Let’s first understand what mutual funds are before we get into how they work. Mutual funds are a type of financial investment products that are quite different from the other financial savings and investments products you may be aware of like bank fixed deposits, post office saving schemes, PPF, insurance, stocks or infrastructure and government bonds.
Firstly, mutual funds are not savings products but investment products. A savings product like bank fixed deposit or PPF will give you a guaranteed return. Investment products can never give you guaranteed returns as they invest in securities listed in the market and hence are subject to many variable factors. These are collectively termed as risk factors. Hence mutual fund investments are subject to many risks but the most prominent one is market risk.
Let’s now get into the mutual fund basics. Mutual funds schemes are pooled investment products with a stated investment objective. The collected investments are held by a trust and managed by an Asset Management Company. The AMC just manages the money but doesn’t hold it in its account or own it. The money is owned by the investors and the trust acts as its fiduciary guardian. The investment objective of each fund spells out the kind of investments it is likely to make and the purpose of adding this fund to your portfolio.

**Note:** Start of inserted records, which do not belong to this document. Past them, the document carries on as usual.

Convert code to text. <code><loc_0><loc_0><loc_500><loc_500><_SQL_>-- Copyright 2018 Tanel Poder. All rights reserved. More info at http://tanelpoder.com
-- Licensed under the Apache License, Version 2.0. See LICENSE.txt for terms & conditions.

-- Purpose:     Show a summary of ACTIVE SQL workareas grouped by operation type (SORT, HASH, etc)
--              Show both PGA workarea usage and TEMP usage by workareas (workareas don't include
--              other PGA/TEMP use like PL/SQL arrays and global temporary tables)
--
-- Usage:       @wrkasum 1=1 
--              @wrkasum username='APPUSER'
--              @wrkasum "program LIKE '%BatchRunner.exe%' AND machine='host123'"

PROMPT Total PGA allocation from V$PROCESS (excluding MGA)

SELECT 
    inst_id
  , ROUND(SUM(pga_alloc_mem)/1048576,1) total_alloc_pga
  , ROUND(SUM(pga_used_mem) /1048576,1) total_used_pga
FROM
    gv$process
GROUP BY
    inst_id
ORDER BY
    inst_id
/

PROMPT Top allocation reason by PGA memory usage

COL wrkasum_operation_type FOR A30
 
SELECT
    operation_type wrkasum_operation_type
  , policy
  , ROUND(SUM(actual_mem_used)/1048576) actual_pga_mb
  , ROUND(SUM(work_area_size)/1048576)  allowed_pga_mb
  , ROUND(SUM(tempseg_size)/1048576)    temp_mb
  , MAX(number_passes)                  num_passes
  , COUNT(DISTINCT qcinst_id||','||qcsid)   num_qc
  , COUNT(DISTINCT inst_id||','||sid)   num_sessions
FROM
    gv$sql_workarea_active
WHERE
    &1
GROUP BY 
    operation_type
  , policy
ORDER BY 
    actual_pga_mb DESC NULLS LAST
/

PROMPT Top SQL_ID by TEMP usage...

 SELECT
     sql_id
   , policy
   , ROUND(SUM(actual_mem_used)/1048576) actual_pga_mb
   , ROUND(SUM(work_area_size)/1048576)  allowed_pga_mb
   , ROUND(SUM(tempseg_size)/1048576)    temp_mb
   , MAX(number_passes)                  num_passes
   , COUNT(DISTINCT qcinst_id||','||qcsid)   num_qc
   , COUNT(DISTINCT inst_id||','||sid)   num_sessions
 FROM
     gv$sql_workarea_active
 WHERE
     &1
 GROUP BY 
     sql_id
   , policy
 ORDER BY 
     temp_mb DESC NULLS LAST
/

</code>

Let’s now look at how mutual funds work. As mentioned earlier, they pool money from different investors who share a common investment objective as the fund. All the money collected from these investors is used to buy assets like stocks or bonds for the fund’s portfolio in line with its stated investment objective. Units or shares of the fund are created at the time of launching the fund which is called New Fund Offer (NFO). This unit or share is quite different from the stocks or shares you are familiar with. In case of a mutual fund unit or share, it represents the market value of one unit of the fund’s portfolio that has many securities in it unlike a company stock.
NAV of a fund is derived by dividing the total net assets (total assets less liabilities) of the fund by the total no. of outstanding units. Then each investor or unitholder is allotted units in proportion to the money invested by him/her at the current NAV. This simply means, when investors buy or sell mutual fund investments, they do so at a price per unit which is the NAV applicable for their transaction.
How Mutual Funds Work?
Let’s explain how mutual fund investments work with the help of an example. Suppose a fund launches a new equity mutual fund scheme and collects INR 100cr during the NFO by selling 10 cr units of the scheme at a Face Value or NFO price of INR.10. After the NFO period closes, the INR 100cr collected is used to buy stocks for the funds portfolio. The fund manager decides how much of the fund to invest in which stock. When the fund opens for subscription after few weeks, the total portfolio value of the fund will be the sum total of the current market value of all the stocks and other assets held in the portfolio. Let’s say on the day of opening, the total market value of the scheme is INR 100.15 cr. The Net Asset Value of the scheme can be arrived at by subtracting the scheme’s liabilities like operating and marketing expenses from its market value. Let’s assume in this case the liabilities happen to be INR 5lakhs.
NAV of the scheme = [(Assets – Liabilities)/no. of outstanding units] = [(100.15 -0.05)/10cr units] = INR 10.01
The NAV of the scheme will vary from day-to-day since the market value of its portfolio will fluctuate as per market volatility.
As an investor, when you invest in a mutual fund, you really don’t have to bother about the kind of stocks to invest in, how much to invest in which stock, when to sell a stock from the portfolio etc. All these decisions and tasks are taken care of by the AMC or Asset Management Company. Thus, investing in stocks or bonds through mutual funds is a better option than doing so directly esp for small retail investors.
Don’t mutual funds simplify the work for us if we want to invest in market related investment products like stocks or even bonds?